The preventive measures our heroes undertake are soon threefold: professor Jones confines himself to his laboratory to find a chemical to kill the maggots, while Jo goes out to catch a maggot for research purposes, & the Doctor - aided by captain Yates (Richard Franklin), UNIT's undercover man at GC - tries to find out more about the inner workings at GC.

But while Jo on her mission soon gets into an Air Force bombing area - meant to eliminate the maggots - & the Doctor does find the true brains of GC - a megalomaniac computer bent on efficiency & slowly taking complete possession of Stevens' brain - but ends up a prisoner of the corporation, only Jones, with the help of Jo's clumsiness, finds a means against the maggots, a fungus he had developed that is lethal to them - but it soon is doubtful if he would live to tell his tale as he, in an attempt to save Jo, gets infected by the maggots' virus himself & soon proves to be too weak to give an account of his discovery other than a faint hint.

With Captain Yates' helop however, the Doctor can escape GC, decipher Jones' hint, find the weapon against the maggots, kill them - including one that has already evolved to insectg form - find a cure for Jones, & finally face GC's evil computer - fittingly called BOSS - once more when it's trying to commence phase 2 of its plan - taking over the world, of course - with the help of Stevens as its human body.
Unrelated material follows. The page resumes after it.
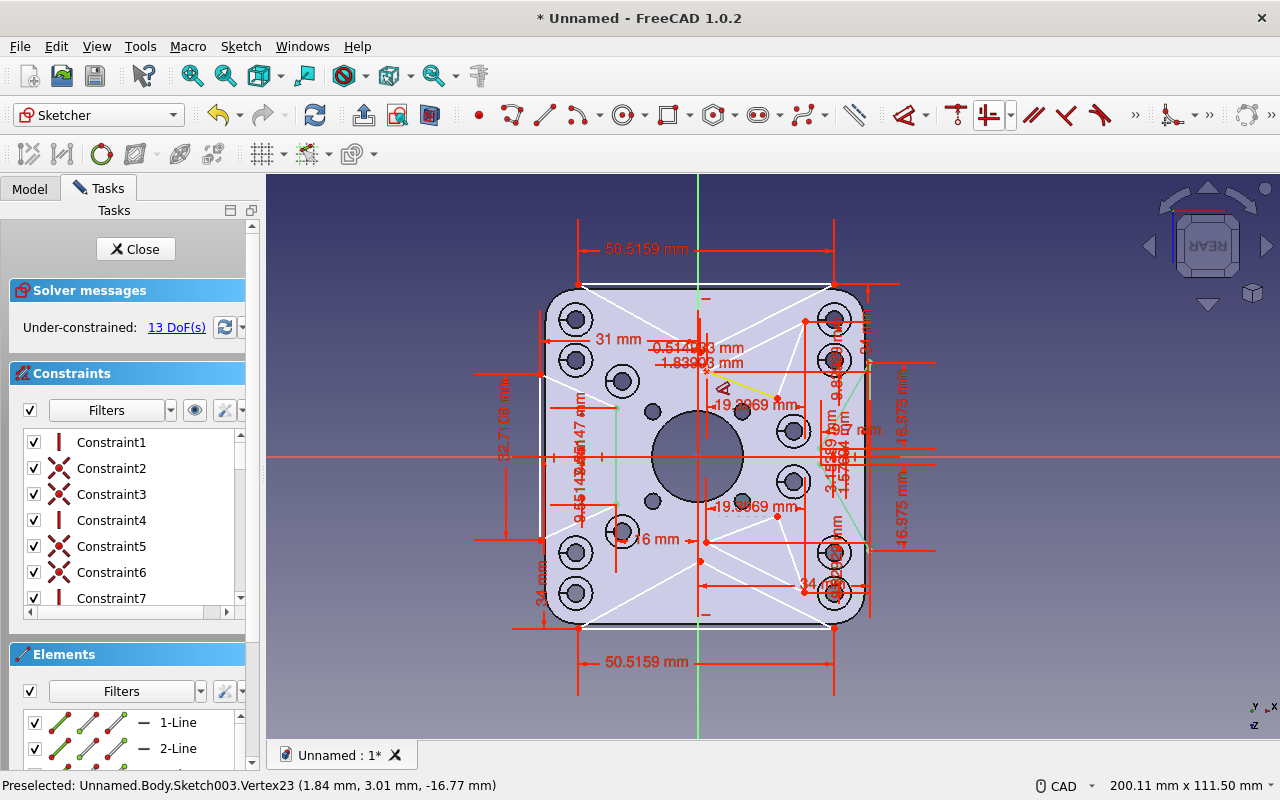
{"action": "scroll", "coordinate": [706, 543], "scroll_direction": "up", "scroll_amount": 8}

However, the Doctor manages to break the spell Stevens is under & in return, Stevens initiates the computer's self destruct sequence (doesn't every computer have one), ultimately sacrificing his on life.

The Doctor has saved the world again, but the ending might prove a bitter one since Jo has decided to leave him, her father-figure, for Jones, the man she has fallen in love with.

 

Generally speaking, during Barry Letts' reign as Doctor Who's producer (1970 to 1974, almost all episodes with Jon Pertwee in the lead) the series consisted of solid sci-fi stories mostly of the earth-invasion variety, with the Doctor being a professor Quatermass-type character, which would occasionally hit a socio-critical note not normally found in a kids' sci-fi-TV series (which was what Doctor Who originally was conceived as), but dealign with it in an entertaining way.

The Green Death is not only no exception, but a perfect example for this: It does raise issues of ecology, globalization & of how the 2 are linked together decades before these topics became staple of the news-mags, but it does so by telling a sci-fi-horror-earth-invasion-tale about giant maggots that would work equally fine without any of that subtext as well.